The sniper who was leaning over the wing whistled, and the pilot finished pumping the aviation fuel. He retrieved the hose nozzle and the sniper stepped down from the strut. The pilot walked around the plane giving it a final visual check, and then stood well off by himself and lit a cigarette. When he was through with his smoke, he ground out the glowing butt with his boot, and climbed back up into the left seat.

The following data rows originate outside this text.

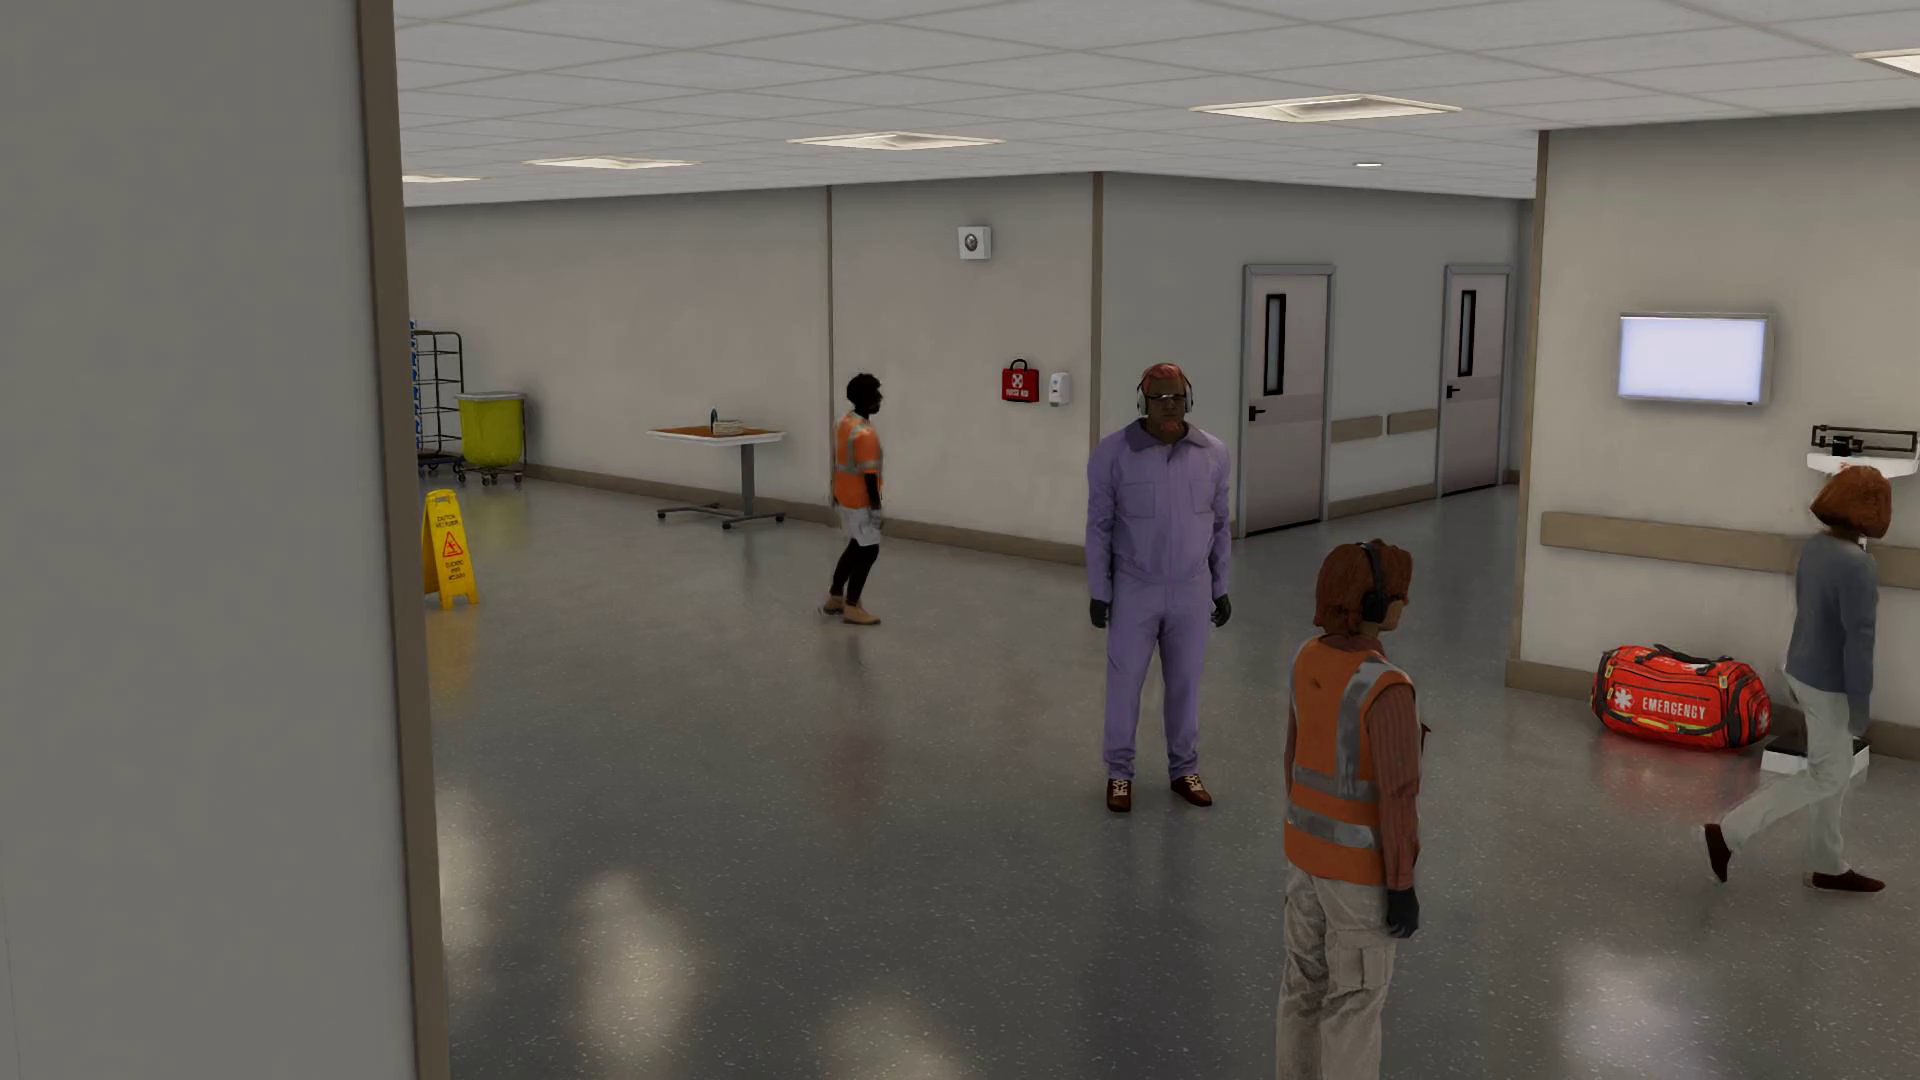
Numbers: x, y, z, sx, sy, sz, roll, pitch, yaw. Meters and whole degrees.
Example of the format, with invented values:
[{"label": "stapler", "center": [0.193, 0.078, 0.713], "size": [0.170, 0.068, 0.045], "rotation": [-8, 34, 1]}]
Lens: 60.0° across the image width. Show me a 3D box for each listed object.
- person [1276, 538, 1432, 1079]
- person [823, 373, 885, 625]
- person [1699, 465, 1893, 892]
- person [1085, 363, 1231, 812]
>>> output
[{"label": "person", "center": [0.969, 0.812, 4.156], "size": [0.314, 1.641, 0.515], "rotation": [-3, 10, -16]}, {"label": "person", "center": [-0.660, -0.259, 10.708], "size": [0.343, 1.646, 0.641], "rotation": [-3, 10, -19]}, {"label": "person", "center": [3.070, 0.521, 6.044], "size": [0.639, 1.609, 0.545], "rotation": [1, 9, 7]}, {"label": "person", "center": [0.856, 0.202, 7.085], "size": [0.649, 1.907, 0.409], "rotation": [-2, 9, -11]}]
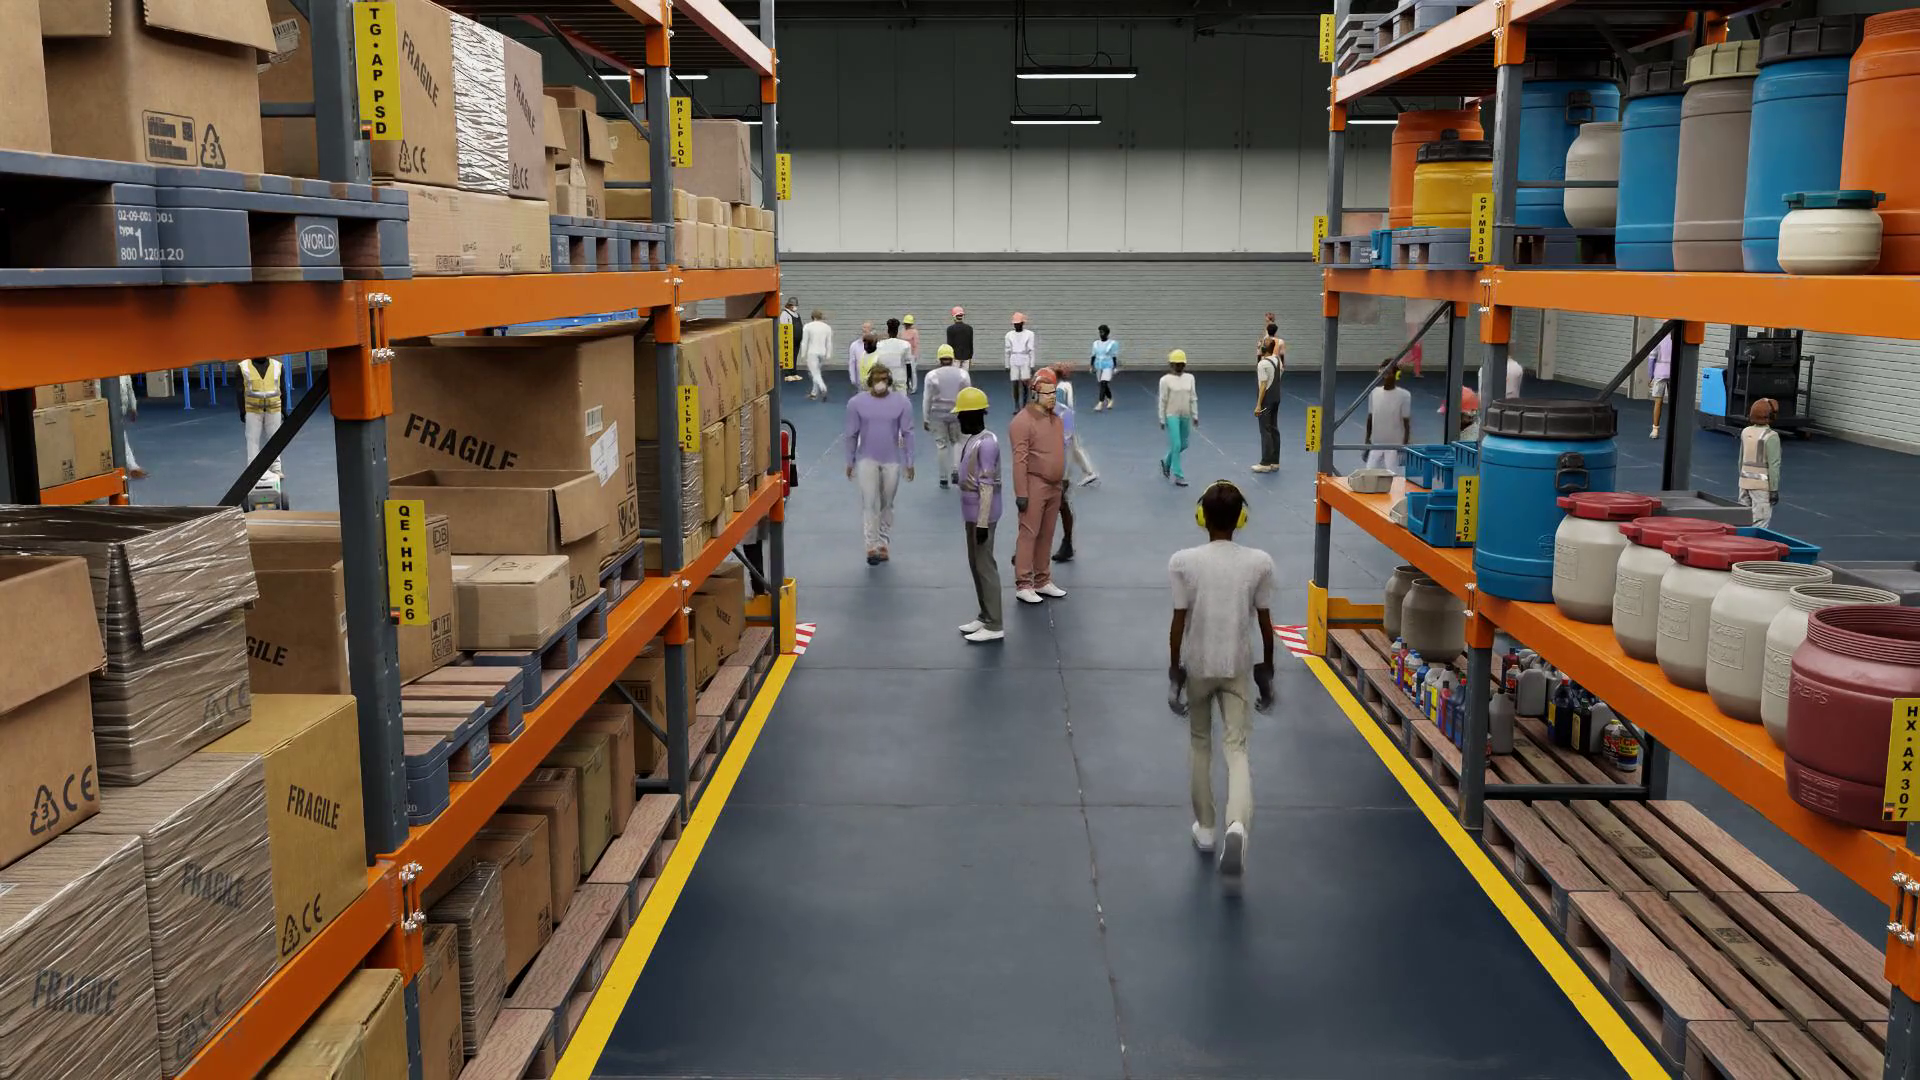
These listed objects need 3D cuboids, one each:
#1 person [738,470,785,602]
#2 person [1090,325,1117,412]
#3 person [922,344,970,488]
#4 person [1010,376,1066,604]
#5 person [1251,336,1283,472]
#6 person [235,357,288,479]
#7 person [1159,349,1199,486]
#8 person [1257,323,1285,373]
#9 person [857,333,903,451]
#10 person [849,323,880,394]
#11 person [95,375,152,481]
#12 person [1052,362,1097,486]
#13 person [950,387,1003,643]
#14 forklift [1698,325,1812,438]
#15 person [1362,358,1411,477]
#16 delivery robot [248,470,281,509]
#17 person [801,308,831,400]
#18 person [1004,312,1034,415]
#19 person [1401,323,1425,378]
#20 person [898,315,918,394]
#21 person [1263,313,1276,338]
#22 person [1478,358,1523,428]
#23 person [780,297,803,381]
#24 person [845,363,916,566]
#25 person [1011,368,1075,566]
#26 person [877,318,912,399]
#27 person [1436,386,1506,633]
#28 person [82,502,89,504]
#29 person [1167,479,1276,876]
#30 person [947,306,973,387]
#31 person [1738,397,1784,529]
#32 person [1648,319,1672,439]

The older sniper from Tennessee, who Ranya recognized from the shooting range, sat in the right front seat next to the pilot. They conferred quietly over a folded air map, using a pencil light. She had been proud to overhear during her recent "nap" that she had won the Heckler and Koch pistol off of a Special Forces combat veteran--a Green Beret. She had been happy to sell it back to him after the matches were over: she needed the cash, and couldn't take any extra firearms into New Mexico. At the time, she had thought fifteen hundred dollars was a great price. Oh well. "Blue bucks"--it took some getting used to. Five years was a long time to be away.

The other sniper--the former Albuquerque SWAT cop--climbed into the back seat from the right side and slid across without a word to her, and pointedly looked out the left side window. So he was one of the cops who had been fired for failing the Spanish test. She already knew from the big-rig truck driver that this was a new form of governmental ethnic cleansing--Nuevo Mexico style.

Ranya climbed up and in after the SWAT sniper, placed her pack vertically on the floor in the middle, found her three-point seat belt mostly by feel, and buckled herself in. Finally she latched the door beside her closed. It was a tight fit in the narrow cabin, and she was uncomfortably close to the sniper beside her. They were almost touching at the hips, with their knees bent around her pack.

It was now fully dark, and the pilot fitted a pair of night vision goggles over his face, adjusted the straps, did final checks and switched on the engine. The moment he let off the brakes, the propeller began to pull the plane forward with a powerful surge. Ranya couldn't see any of the gauges or dials in the front of the cockpit; she supposed that the pilot had no problem seeing them with his night goggles. He taxied to the center of the field, adroitly swerved into the wind, and gave the Maule full throttle. The acceleration pressed Ranya back into her seat and the plane immediately hurtled forward with a roar, bumping down the unseen pasture like a runaway dune buggy. In what seemed like only seconds, they lifted smoothly off the ground, and began to climb into the night sky.

Unnoticed by the three men, she couldn't stop smiling.